1 Gravel and ABS are very poor bedfellows. I spend a lot of time on forest tracks at work and most modern cars/SUVs are a disaster as on loose surfaces you need to skid the wheels a bit to stop in a hurry (build up a wedge of stone in front of the wheels, same as with fresh snow). On Land Rover forums you often get calls for an ABS override switch for people who actually use their 4x4s off road for this reason.

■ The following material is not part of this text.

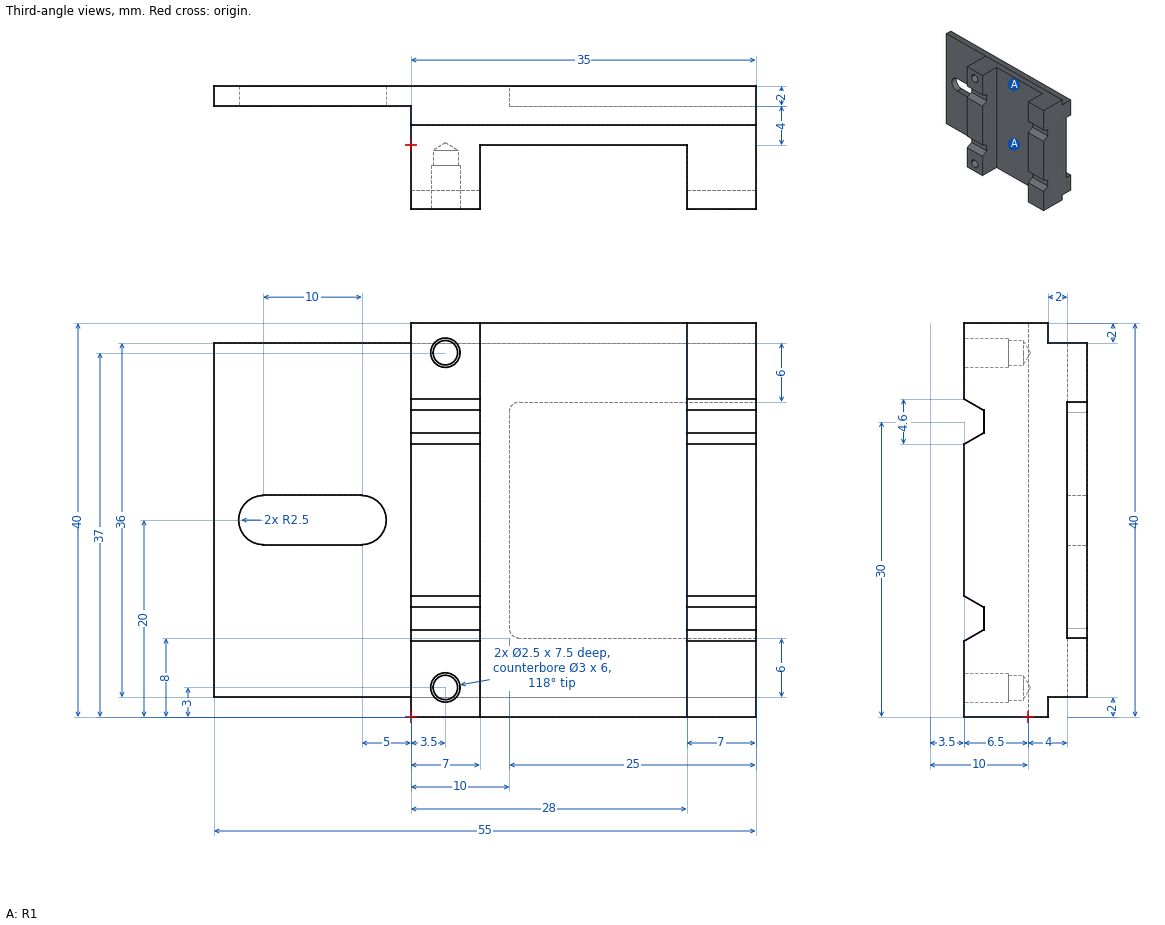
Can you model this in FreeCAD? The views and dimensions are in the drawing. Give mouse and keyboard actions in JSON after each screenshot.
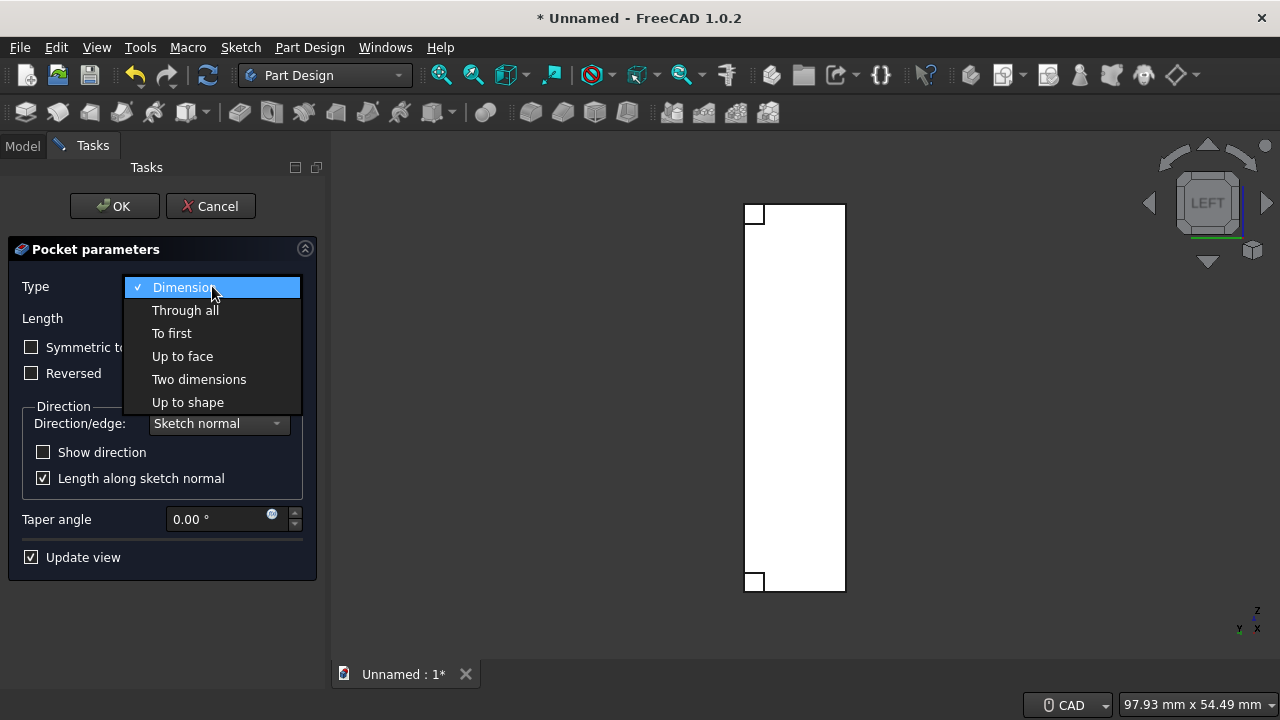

2. I drive the mechanically identical 225xe and get what you are talking about. The issue comes from the hybrid system which tries to use the initial pedal travel for electrical re-generation only without friction brakes. Remember re-gen is off the back axle so the initial few mm of pedal travel gives you rear wheel electrical braking, then the friction brakes come into play when you press harder. This robs the pedal of that initial feel you are looking for. The brakes themselves are powerful enough but take a little more time to dial in because of the not-so- linear nature of the braking. Gives you some interesting potential for attitude adjustment if you are a left foot braker! But if you are accustomed to brakes with good feel it may take some getting used to or you may never come to like it. I replaced a Prius so I was used to this type of system and the 225 is waaaay better.

3. The mini is 1.7 tonnes dry, 'you canna change the laws of physics, Jim'. It comes with tyres optimised for economy, not outright grip, It might go like a hot hatch but it is never going to stop like one.